Obiettivi per artisti

Metodi per menti creative e artisti

Ho trovato un sistema pro-produttività che fa per me e che voglio condividere con tutti gli artisti.

Fare un lavoro che ha a che fare con l’arte e darsi degli obiettivi non è sempre semplicissimo. Per quelli disordinati come me, poi, talora è proprio impossibile, al punto che, quando compilo qualche workbook o stilo i miei improbabili piani quinquennali (mai portati a termine davvero) e arrivo alla voce “Obiettivi del mese”, il mio unico pensiero è: “Ma se non sono neppure sicura di essere viva domani?”.

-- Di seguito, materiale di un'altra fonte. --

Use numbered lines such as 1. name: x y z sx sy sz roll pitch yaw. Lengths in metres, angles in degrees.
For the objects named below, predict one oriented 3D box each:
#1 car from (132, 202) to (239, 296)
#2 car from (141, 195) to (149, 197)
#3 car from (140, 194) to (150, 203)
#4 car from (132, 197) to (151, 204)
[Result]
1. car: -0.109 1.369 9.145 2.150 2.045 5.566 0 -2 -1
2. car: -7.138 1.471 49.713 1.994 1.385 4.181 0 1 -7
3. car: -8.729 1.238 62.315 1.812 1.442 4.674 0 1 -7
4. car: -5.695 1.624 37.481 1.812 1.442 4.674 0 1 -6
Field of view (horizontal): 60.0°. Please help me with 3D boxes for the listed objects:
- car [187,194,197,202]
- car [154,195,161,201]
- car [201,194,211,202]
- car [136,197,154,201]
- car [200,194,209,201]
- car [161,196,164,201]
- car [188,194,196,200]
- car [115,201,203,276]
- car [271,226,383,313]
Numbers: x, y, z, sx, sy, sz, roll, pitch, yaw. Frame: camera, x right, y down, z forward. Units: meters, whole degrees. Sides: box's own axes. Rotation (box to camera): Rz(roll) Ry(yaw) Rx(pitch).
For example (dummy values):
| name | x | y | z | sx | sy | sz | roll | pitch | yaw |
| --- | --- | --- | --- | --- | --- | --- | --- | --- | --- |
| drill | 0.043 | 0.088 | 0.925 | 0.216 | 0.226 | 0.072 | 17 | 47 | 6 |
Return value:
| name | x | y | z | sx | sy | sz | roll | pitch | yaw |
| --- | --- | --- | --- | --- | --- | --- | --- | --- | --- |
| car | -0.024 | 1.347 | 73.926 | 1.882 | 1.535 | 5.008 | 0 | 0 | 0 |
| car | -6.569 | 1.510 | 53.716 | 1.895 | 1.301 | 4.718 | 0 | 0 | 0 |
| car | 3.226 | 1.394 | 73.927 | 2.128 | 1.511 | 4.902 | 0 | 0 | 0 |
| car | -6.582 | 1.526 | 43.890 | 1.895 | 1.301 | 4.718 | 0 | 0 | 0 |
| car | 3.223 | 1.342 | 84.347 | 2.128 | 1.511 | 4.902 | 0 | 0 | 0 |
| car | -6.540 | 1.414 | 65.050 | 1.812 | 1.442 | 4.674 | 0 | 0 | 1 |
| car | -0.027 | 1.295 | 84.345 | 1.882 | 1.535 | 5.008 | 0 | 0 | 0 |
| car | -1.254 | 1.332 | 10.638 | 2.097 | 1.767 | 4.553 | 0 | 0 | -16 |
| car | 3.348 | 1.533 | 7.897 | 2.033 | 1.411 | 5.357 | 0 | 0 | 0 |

D’altra parte, sono anche una autrice compulsiva di liste (dei To Do, ma anche dei regali di compleanno che amerei ricevere, dei libri da leggere o che ho letto…) e mi sono nel corso del tempo sempre più resa conto che la lista delle cose da fare, una patologica incapacità di definire dei punti di arrivo a medio termine (figuriamoci sul lungo periodo…) e un certo pessimismo autolesionista mal si conciliano tra loro e possono rendere la vita dell’imprenditrice molto simile a un caos infernale.

Eccoti dunque la mia lista (se invece sei una imprenditrice dall’animo nerd, puoi provare l’applicazione che trasforma le cose da fare in un gioco di ruolo):

  • mi alzo presto al mattino. Se non sai come fare (credimi, ti capisco, io sono una di quelle che andrebbero avanti a oltranza di notte), prova a cenare alle 19.30 con un piatto leggero e sarai lietamente destata dai morsi della fame. La giornata sembra (ed è) molto più lunga se inizia di buon’ora;
  • accanto alla tazza di the (verde, antiossidante) porto il quaderno su cui appunto le cose in modo sparso e che mi accompagna sempre;
  • inizio a pensare alla giornata che sta iniziando: quali sono gli impegni che non dipendono da me o sono già fissati? quelli stanno in alto;
  • quanto tempo a disposizione ho fino a sera, considerando un’ora per il pasto (e la immancabile puntata del telefilm preferito)? devo essere realista nel valutare il tempo che posso dedicare alle diverse attività;
  • inizio a stendere una lista delle cose che vorrei portare a termine entro sera. Cerco di includere sempre compiti noiosi (tipo le pulizie di casa) e obiettivi artistico/professionali in modo bilanciato. Cerco anche di essere molto specifica: non scrivo “pulire la casa” che potrebbe richiedere dai 10 minuti alle settimane di lavoro a seconda di quanto sono posseduta dallo spirito di Bree Van De Kamp, ma scelgo “passare l’aspirapolvere al piano di sotto”, che so richiedere una quindicina di minuti;
  • man mano, nel corso della giornata, consulto la lista e scelgo che cosa fare, accorpando le attività che ha senso svolgere di seguito (se esco, cerco di legare tutte le commissioni nella stessa zona).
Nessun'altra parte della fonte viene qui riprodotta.